The pneumatic device may consist of a humble bicycle pump, a hacked-up pop bottle, a balloon full of sugar. And yes, it is held together with duct tape. But the project could one day change the lives of amputees across the developing world.

“The objects that we bought, you should be able to buy anywhere. If it’s not bought, it was out of our recycling bins,” engineering student Tyler Anker told CTV News on Monday.

The Calgary Arm is a prosthetic capable of picking up small objects. The materials may be somewhat crude, but the device offers enough dexterity for the user to grasp and release virtually anything you would with a human hand, and even pick up a pen and write.

“The concept and the product look simple, but there was a bit of math that went into it,” said mechanical engineering student Shalese Baxandall.

The sugar-filled balloon serves as the Calgary Arm’s “hand.” It uses the suction power of the foot-operated bike pump, which has been hooked up backwards, to expand and contract. The pop bottle functions as a sleeve.
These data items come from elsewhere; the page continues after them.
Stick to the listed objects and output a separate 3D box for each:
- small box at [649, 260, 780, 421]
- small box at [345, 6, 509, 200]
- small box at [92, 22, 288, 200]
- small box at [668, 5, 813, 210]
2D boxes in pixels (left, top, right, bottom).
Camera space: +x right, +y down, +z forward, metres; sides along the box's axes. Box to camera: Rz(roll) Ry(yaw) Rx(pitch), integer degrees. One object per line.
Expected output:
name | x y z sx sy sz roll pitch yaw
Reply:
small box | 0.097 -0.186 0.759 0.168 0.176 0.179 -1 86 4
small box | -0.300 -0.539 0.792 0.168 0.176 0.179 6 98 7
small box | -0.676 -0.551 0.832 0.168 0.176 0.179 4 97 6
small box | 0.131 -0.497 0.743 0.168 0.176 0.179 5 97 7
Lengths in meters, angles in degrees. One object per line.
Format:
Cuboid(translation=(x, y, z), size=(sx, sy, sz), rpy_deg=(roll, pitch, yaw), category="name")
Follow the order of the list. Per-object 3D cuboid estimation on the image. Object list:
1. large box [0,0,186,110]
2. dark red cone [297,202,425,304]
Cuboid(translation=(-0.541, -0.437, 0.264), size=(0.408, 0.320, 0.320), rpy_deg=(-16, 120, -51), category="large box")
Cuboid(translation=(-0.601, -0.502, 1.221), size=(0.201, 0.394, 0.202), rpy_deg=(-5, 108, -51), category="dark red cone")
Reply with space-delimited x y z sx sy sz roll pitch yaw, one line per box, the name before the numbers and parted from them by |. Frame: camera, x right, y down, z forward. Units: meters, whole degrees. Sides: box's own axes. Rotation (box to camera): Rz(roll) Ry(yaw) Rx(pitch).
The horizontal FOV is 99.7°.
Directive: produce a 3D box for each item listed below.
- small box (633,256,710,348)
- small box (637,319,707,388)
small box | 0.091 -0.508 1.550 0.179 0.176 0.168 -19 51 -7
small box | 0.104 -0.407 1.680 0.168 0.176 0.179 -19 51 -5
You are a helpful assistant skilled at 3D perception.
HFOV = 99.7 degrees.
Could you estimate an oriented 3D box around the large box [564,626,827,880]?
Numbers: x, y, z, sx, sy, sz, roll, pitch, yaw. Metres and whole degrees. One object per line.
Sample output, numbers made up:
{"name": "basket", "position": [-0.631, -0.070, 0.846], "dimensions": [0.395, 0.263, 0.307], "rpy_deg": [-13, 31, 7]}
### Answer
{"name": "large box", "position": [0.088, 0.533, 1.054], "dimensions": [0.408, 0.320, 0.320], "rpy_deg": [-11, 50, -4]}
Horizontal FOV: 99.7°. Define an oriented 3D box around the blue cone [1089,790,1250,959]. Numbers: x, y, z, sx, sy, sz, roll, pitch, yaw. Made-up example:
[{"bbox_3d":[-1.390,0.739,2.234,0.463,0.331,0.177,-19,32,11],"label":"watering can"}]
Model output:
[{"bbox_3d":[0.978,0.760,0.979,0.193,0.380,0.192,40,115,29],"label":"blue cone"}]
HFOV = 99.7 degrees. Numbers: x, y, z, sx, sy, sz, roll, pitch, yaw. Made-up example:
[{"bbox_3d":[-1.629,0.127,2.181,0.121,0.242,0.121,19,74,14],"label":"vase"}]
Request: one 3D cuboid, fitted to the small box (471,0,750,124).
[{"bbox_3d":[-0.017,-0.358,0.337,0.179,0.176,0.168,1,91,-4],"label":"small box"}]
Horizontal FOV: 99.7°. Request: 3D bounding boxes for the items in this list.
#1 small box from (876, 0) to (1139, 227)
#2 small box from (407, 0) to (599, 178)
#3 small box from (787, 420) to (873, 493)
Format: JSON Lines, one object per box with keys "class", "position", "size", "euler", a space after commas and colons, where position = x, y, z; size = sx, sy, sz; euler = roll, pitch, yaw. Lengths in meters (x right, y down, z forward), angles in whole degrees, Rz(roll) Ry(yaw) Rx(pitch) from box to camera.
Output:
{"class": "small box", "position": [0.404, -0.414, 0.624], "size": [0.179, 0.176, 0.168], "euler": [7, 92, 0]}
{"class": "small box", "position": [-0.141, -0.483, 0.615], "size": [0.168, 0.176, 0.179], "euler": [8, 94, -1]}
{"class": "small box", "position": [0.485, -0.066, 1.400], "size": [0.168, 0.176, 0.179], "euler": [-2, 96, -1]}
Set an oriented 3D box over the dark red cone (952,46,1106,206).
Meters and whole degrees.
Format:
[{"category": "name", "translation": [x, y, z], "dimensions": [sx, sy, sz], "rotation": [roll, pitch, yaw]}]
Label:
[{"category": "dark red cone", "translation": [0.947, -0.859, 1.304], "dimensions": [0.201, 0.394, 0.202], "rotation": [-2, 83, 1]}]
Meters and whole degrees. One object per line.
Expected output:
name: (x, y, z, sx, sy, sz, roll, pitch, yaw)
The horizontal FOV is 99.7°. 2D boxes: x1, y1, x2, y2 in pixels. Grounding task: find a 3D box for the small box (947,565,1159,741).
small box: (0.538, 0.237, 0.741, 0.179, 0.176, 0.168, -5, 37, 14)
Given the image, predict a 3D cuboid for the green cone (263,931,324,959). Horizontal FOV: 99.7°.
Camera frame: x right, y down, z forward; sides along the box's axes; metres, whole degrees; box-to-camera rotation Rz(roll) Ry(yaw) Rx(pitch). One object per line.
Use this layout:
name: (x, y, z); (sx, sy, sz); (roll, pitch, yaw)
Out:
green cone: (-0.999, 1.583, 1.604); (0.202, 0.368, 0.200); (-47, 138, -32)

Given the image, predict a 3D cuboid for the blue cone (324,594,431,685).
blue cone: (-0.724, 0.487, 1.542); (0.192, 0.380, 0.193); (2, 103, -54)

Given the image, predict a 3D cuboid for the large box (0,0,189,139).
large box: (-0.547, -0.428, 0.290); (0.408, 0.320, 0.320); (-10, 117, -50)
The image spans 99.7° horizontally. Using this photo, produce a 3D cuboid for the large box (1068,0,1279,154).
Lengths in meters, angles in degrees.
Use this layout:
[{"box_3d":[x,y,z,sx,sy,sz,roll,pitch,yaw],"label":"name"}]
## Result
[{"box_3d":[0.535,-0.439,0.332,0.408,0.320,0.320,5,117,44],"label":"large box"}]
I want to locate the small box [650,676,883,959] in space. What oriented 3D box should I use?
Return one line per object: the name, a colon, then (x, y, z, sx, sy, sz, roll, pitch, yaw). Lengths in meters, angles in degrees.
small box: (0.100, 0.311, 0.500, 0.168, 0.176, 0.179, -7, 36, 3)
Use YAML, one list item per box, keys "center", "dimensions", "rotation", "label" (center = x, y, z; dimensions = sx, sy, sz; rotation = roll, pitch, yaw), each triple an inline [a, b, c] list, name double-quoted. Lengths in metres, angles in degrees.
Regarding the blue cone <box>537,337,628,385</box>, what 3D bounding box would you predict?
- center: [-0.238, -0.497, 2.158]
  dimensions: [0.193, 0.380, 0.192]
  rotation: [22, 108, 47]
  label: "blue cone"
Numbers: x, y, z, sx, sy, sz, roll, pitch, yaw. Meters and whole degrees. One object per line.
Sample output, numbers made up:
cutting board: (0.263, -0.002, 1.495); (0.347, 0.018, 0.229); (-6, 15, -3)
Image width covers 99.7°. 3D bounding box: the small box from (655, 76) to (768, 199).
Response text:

Unlike some of the groups showing off their final projects, team Calgary Arm isn’t looking to patent their invention or land a lucrative partnership a with top medical science firm. They’re giving away the blueprints for free, and even showing people how to make one on their own through a tutorial video.

“Here in Canada it might not be that feasible to use a $25 prosthetic, but in other countries where people can’t afford (expensive devices), and where people struggle with amputations, we thing it could be pretty useful,” said Anker.

“If it helps the world, I feel good about that,” added Baxandall.